** RECORDS FOR PROCESSING follows **
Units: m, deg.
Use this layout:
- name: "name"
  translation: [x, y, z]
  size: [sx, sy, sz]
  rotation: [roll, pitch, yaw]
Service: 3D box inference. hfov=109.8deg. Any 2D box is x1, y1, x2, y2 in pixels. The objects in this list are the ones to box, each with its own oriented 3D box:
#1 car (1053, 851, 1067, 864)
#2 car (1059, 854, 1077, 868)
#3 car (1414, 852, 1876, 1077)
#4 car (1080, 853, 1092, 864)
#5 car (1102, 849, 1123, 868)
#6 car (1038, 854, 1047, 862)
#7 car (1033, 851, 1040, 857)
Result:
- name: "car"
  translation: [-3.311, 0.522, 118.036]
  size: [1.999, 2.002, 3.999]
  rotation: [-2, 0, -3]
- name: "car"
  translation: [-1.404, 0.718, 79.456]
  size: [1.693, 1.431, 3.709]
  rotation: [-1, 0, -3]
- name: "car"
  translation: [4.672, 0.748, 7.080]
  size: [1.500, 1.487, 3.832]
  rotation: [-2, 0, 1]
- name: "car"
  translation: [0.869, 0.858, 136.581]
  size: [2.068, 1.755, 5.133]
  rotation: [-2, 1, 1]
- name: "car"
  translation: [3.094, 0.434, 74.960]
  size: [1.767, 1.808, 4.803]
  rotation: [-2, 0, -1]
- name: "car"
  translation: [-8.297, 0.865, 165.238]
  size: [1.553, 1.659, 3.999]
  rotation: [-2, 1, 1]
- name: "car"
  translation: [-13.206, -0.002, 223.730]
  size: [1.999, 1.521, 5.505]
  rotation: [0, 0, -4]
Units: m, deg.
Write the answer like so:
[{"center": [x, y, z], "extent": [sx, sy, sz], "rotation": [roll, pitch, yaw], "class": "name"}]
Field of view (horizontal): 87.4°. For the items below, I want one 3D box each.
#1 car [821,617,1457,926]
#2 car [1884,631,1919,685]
** End of RECORDS FOR PROCESSING **
**TASK TO COMPLETE**
Scan the entries above for the line containing "#1 car (1053, 851, 1067, 864)", and copy it and all lines after it exactly, down to and including the line containing "#7 car (1033, 851, 1040, 857)".

**TASK ANSWER**
#1 car (1053, 851, 1067, 864)
#2 car (1059, 854, 1077, 868)
#3 car (1414, 852, 1876, 1077)
#4 car (1080, 853, 1092, 864)
#5 car (1102, 849, 1123, 868)
#6 car (1038, 854, 1047, 862)
#7 car (1033, 851, 1040, 857)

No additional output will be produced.